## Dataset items
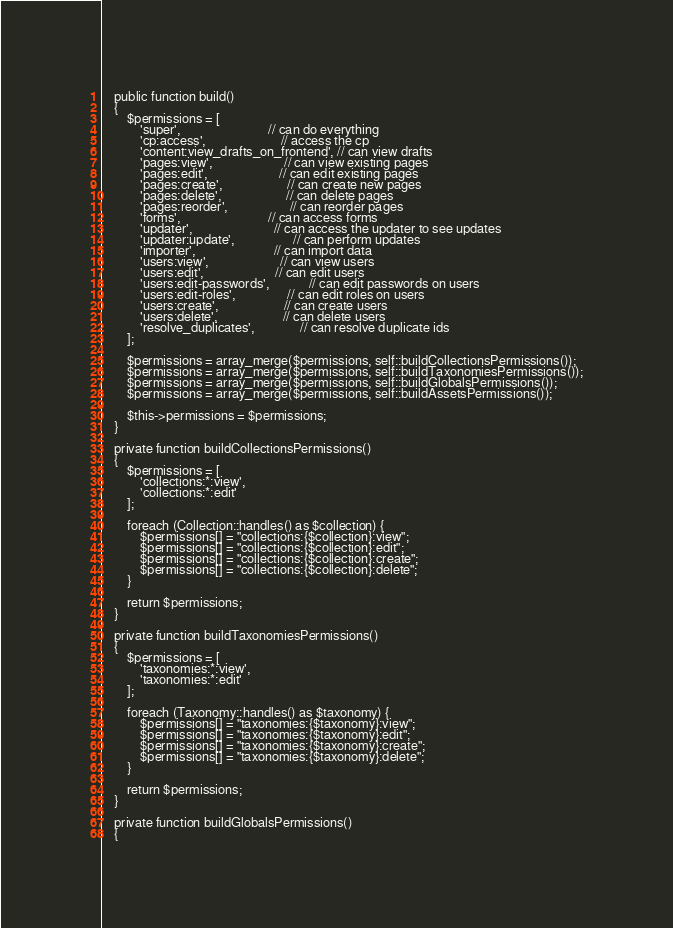Convert code to text. <code><loc_0><loc_0><loc_500><loc_500><_PHP_>
    public function build()
    {
        $permissions = [
            'super',                           // can do everything
            'cp:access',                       // access the cp
            'content:view_drafts_on_frontend', // can view drafts
            'pages:view',                      // can view existing pages
            'pages:edit',                      // can edit existing pages
            'pages:create',                    // can create new pages
            'pages:delete',                    // can delete pages
            'pages:reorder',                   // can reorder pages
            'forms',                           // can access forms
            'updater',                         // can access the updater to see updates
            'updater:update',                  // can perform updates
            'importer',                        // can import data
            'users:view',                      // can view users
            'users:edit',                      // can edit users
            'users:edit-passwords',            // can edit passwords on users
            'users:edit-roles',                // can edit roles on users
            'users:create',                    // can create users
            'users:delete',                    // can delete users
            'resolve_duplicates',              // can resolve duplicate ids
        ];

        $permissions = array_merge($permissions, self::buildCollectionsPermissions());
        $permissions = array_merge($permissions, self::buildTaxonomiesPermissions());
        $permissions = array_merge($permissions, self::buildGlobalsPermissions());
        $permissions = array_merge($permissions, self::buildAssetsPermissions());

        $this->permissions = $permissions;
    }

    private function buildCollectionsPermissions()
    {
        $permissions = [
            'collections:*:view',
            'collections:*:edit'
        ];

        foreach (Collection::handles() as $collection) {
            $permissions[] = "collections:{$collection}:view";
            $permissions[] = "collections:{$collection}:edit";
            $permissions[] = "collections:{$collection}:create";
            $permissions[] = "collections:{$collection}:delete";
        }

        return $permissions;
    }

    private function buildTaxonomiesPermissions()
    {
        $permissions = [
            'taxonomies:*:view',
            'taxonomies:*:edit'
        ];

        foreach (Taxonomy::handles() as $taxonomy) {
            $permissions[] = "taxonomies:{$taxonomy}:view";
            $permissions[] = "taxonomies:{$taxonomy}:edit";
            $permissions[] = "taxonomies:{$taxonomy}:create";
            $permissions[] = "taxonomies:{$taxonomy}:delete";
        }

        return $permissions;
    }

    private function buildGlobalsPermissions()
    {</code>

## Problem requirements
Take the lines from the start of the entries through the line containing "can reorder pages" and set them down exactly, leaving out every picture.

## Solution for this problem
Convert code to text. <code><loc_0><loc_0><loc_500><loc_500><_PHP_>
    public function build()
    {
        $permissions = [
            'super',                           // can do everything
            'cp:access',                       // access the cp
            'content:view_drafts_on_frontend', // can view drafts
            'pages:view',                      // can view existing pages
            'pages:edit',                      // can edit existing pages
            'pages:create',                    // can create new pages
            'pages:delete',                    // can delete pages
            'pages:reorder',                   // can reorder pages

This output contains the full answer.